On the off chance that it still needs to be said: There is nothing funny or cool or bad-ass about people trying to eat other people. (Also, don’t do drugs. But, more important, don’t eat people.)

May 27: Rudy Eugene assaults 65-year-old Ronald Poppo near Miami’s MacArthur Causeway; when he refuses to stop chewing on Poppo’s head, he’s shot to death by police. It’s subsequently revealed that before Eugene stopped and attacked Poppo, he was driving a purple, Haitian-flag-draped Chevrolet Caprice with a Koran in the trunk, and may have been on his way to a Best of the Best reggae concert; you can maybe not blame hip-hop for responding to a news story so rich in Ghostface Killah–worthy details.

June 5: The winkingly gonzo Brooklyn Tumblr-horrorcore trio Flatbush Zombies’ video for “Face-Off” hits YouTube. Rappers Meechy Darko and Zombie Juice don’t mention the drug by name — we hear a news broadcast about the Miami incident playing in the bodega where the Flatbush Zombies buy their 40s at the beginning of the video; it’s like the “Regular People Enjoying Everyday Activities Unaware That Shit Is About to Get All George Romero Up in Here” opening of a zombie-apocalypse movie. Either way, it’s a great video — the elevator gag around the two-minute mark is priceless, as is the shot where the Zombies appear to be rolling up real menacingly on a David’s Bridal.
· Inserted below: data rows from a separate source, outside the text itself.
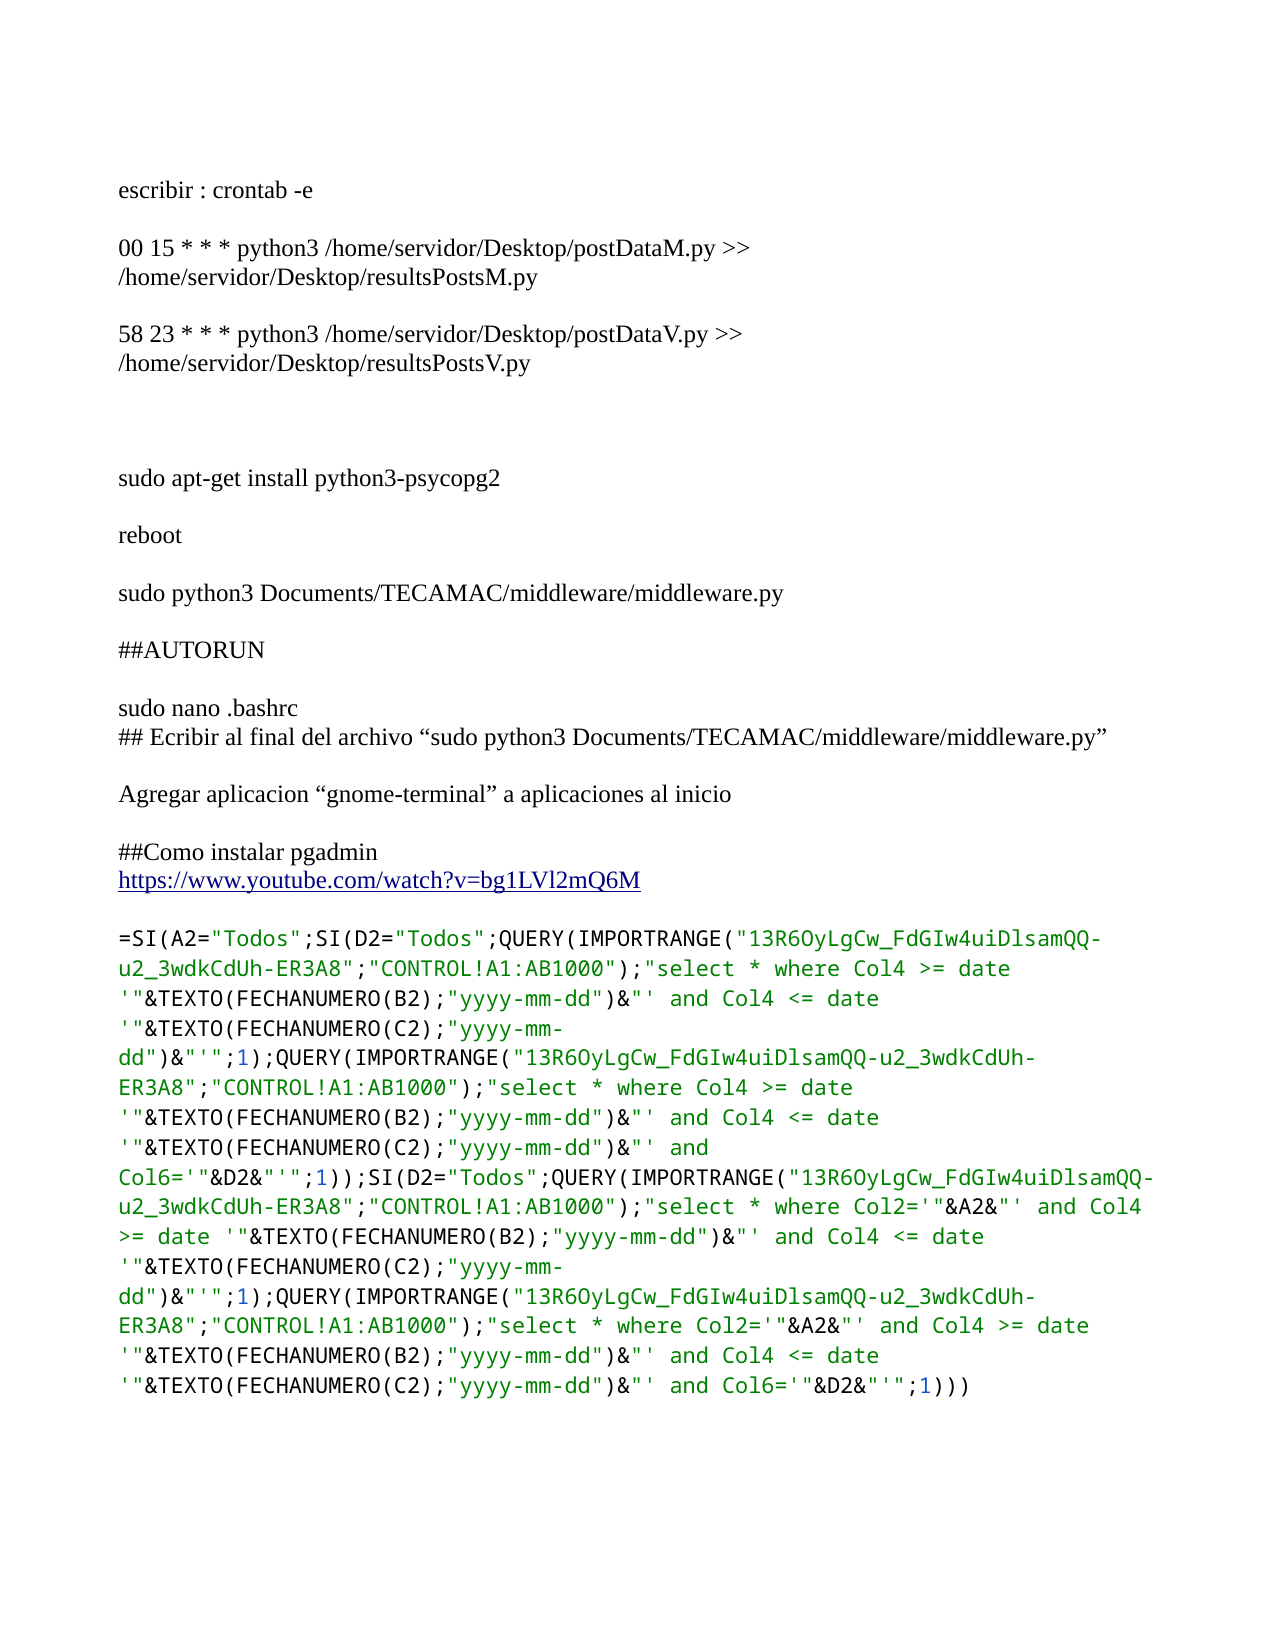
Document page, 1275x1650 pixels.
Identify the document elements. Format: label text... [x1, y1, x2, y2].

text ## Ecribir al final del archivo “sudo python3 Documents/TECAMAC/middleware/middleware.py” [118, 722, 1157, 751]
text escribir : crontab -e [118, 176, 1157, 204]
text ##Como instalar pgadmin [118, 837, 1157, 866]
text 00 15 * * * python3 /home/servidor/Desktop/postDataM.py >> /home/servidor/Desktop/resultsPostsM.py [118, 233, 1157, 291]
text Agregar aplicacion “gnome-terminal” a aplicaciones al inicio [118, 779, 1157, 808]
text ##AUTORUN [118, 636, 1157, 664]
text sudo python3 Documents/TECAMAC/middleware/middleware.py [118, 578, 1157, 607]
text =SI(A2="Todos";SI(D2="Todos";QUERY(IMPORTRANGE("13R6OyLgCw_FdGIw4uiDlsamQQ-u2_3wdkCdUh-ER3A8";"CONTROL!A1:AB1000");"select * where Col4 >= date '"&TEXTO(FECHANUMERO(B2);"yyyy-mm-dd")&"' and Col4 <= date '"&TEXTO(FECHANUMERO(C2);"yyyy-mm-dd")&"'";1);QUERY(IMPORTRANGE("13R6OyLgCw_FdGIw4uiDlsamQQ-u2_3wdkCdUh-ER3A8";"CONTROL!A1:AB1000");"select * where Col4 >= date '"&TEXTO(FECHANUMERO(B2);"yyyy-mm-dd")&"' and Col4 <= date '"&TEXTO(FECHANUMERO(C2);"yyyy-mm-dd")&"' and Col6='"&D2&"'";1));SI(D2="Todos";QUERY(IMPORTRANGE("13R6OyLgCw_FdGIw4uiDlsamQQ-u2_3wdkCdUh-ER3A8";"CONTROL!A1:AB1000");"select * where Col2='"&A2&"' and Col4 >= date '"&TEXTO(FECHANUMERO(B2);"yyyy-mm-dd")&"' and Col4 <= date '"&TEXTO(FECHANUMERO(C2);"yyyy-mm-dd")&"'";1);QUERY(IMPORTRANGE("13R6OyLgCw_FdGIw4uiDlsamQQ-u2_3wdkCdUh-ER3A8";"CONTROL!A1:AB1000");"select * where Col2='"&A2&"' and Col4 >= date '"&TEXTO(FECHANUMERO(B2);"yyyy-mm-dd")&"' and Col4 <= date '"&TEXTO(FECHANUMERO(C2);"yyyy-mm-dd")&"' and Col6='"&D2&"'";1))) [118, 923, 1157, 1400]
text reboot [118, 521, 1157, 549]
text 58 23 * * * python3 /home/servidor/Desktop/postDataV.py >> /home/servidor/Desktop/resultsPostsV.py [118, 319, 1157, 377]
text sudo nano .bashrc [118, 693, 1157, 722]
text https://www.youtube.com/watch?v=bg1LVl2mQ6M [118, 866, 1157, 894]
text sudo apt-get install python3-psycopg2 [118, 463, 1157, 492]
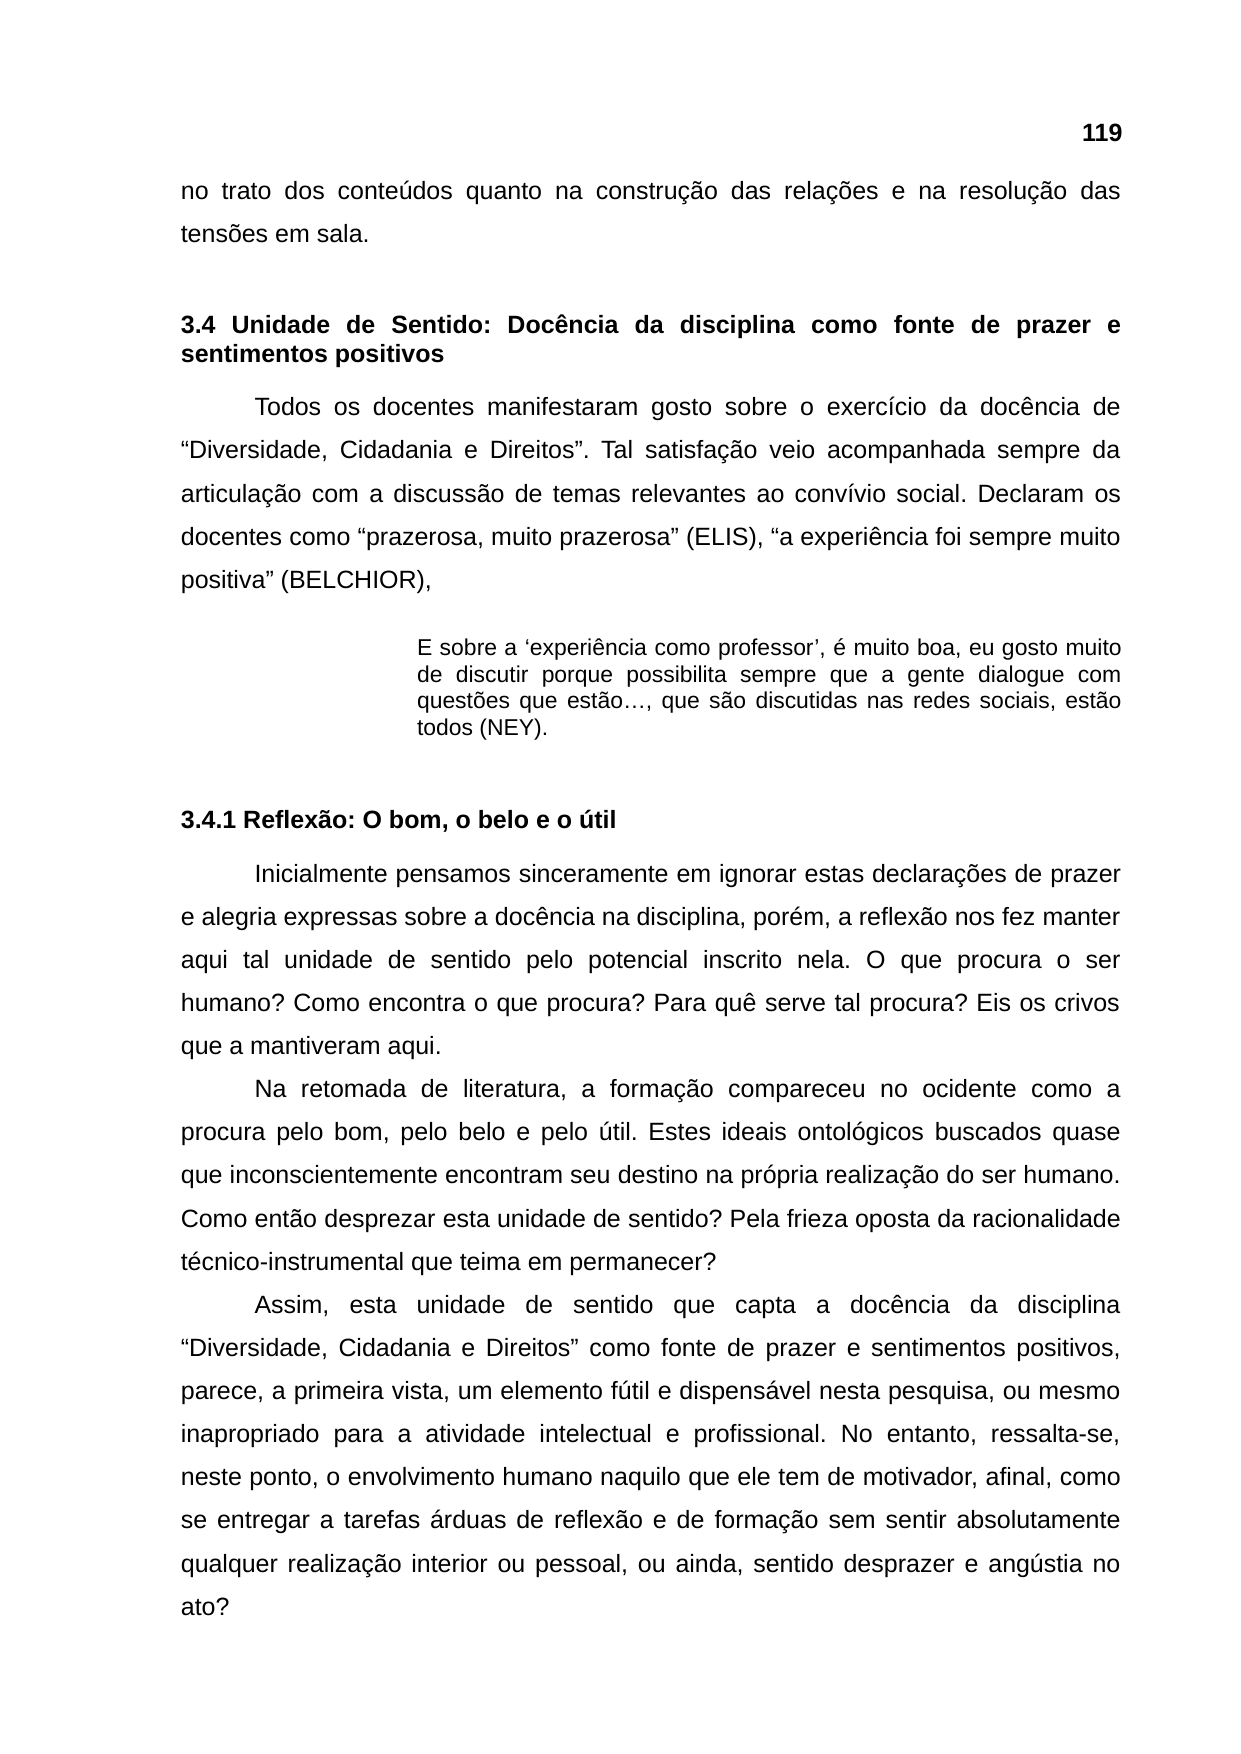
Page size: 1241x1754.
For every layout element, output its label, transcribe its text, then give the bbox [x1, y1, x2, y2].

text Inicialmente pensamos sinceramente em ignorar estas declarações de prazer e alegria expressas sobre a docência na disciplina, porém, a reflexão nos fez manter aqui tal unidade de sentido pelo potencial inscrito nela. O que procura o ser humano? Como encontra o que procura? Para quê serve tal procura? Eis os crivos que a mantiveram aqui. [181, 858, 1122, 1060]
text E sobre a ‘experiência como professor’, é muito boa, eu gosto muito de discutir porque possibilita sempre que a gente dialogue com questões que estão…, que são discutidas nas redes sociais, estão todos (NEY). [417, 634, 1122, 740]
subtitle 3.4.1 Reflexão: O bom, o belo e o útil [181, 805, 1122, 833]
subtitle 3.4 Unidade de Sentido: Docência da disciplina como fonte de prazer e sentimentos positivos [181, 310, 1122, 367]
text Assim, esta unidade de sentido que capta a docência da disciplina “Diversidade, Cidadania e Direitos” como fonte de prazer e sentimentos positivos, parece, a primeira vista, um elemento fútil e dispensável nesta pesquisa, ou mesmo inapropriado para a atividade intelectual e profissional. No entanto, ressalta-se, neste ponto, o envolvimento humano naquilo que ele tem de motivador, afinal, como se entregar a tarefas árduas de reflexão e de formação sem sentir absolutamente qualquer realização interior ou pessoal, ou ainda, sentido desprazer e angústia no ato? [181, 1290, 1122, 1620]
text Todos os docentes manifestaram gosto sobre o exercício da docência de “Diversidade, Cidadania e Direitos”. Tal satisfação veio acompanhada sempre da articulação com a discussão de temas relevantes ao convívio social. Declaram os docentes como “prazerosa, muito prazerosa” (ELIS), “a experiência foi sempre muito positiva” (BELCHIOR), [181, 392, 1122, 594]
text no trato dos conteúdos quanto na construção das relações e na resolução das tensões em sala. [181, 176, 1122, 248]
text Na retomada de literatura, a formação compareceu no ocidente como a procura pelo bom, pelo belo e pelo útil. Estes ideais ontológicos buscados quase que inconscientemente encontram seu destino na própria realização do ser humano. Como então desprezar esta unidade de sentido? Pela frieza oposta da racionalidade técnico-instrumental que teima em permanecer? [181, 1074, 1122, 1275]

June 25: Under his “Sam Hill” pseudonym, Cage releases “Misanthrope” via Bandcamp. Cage is a New York underground-hip-hop lifer who built a fervent cult in the ’90s by rapping about being a drug-gobbling, Clockwork Orange–obsessed madman. A narcissism-of-small-differences beef with Eminem and a few rehab stints later, he’s reinvented himself as a “progressive” backpack-rap Bright Eyes who’s tight bros with Shia LaBeouf; the “Sam Hill” identity is for songs that don’t fit that image, like this one, where he tells a potential paramour “I’m not sure you want to have sex with me / I’m on bath salts, you’re on ecstasy” and rhymes “Sharon Tates” [sic] with “Andrea Yates.” Real classy, Sam Hill.

June 26: Ex–From G’s to Gents contestant turned product-placement-tattoo pioneer and comedy-rap sideshow Riff Raff and his bearded associate Ghetty release a song called “Bath Salts” that does not actually mention bath salts, although it does mention “tiger blood,” a.k.a. the “bath salts” of six months ago.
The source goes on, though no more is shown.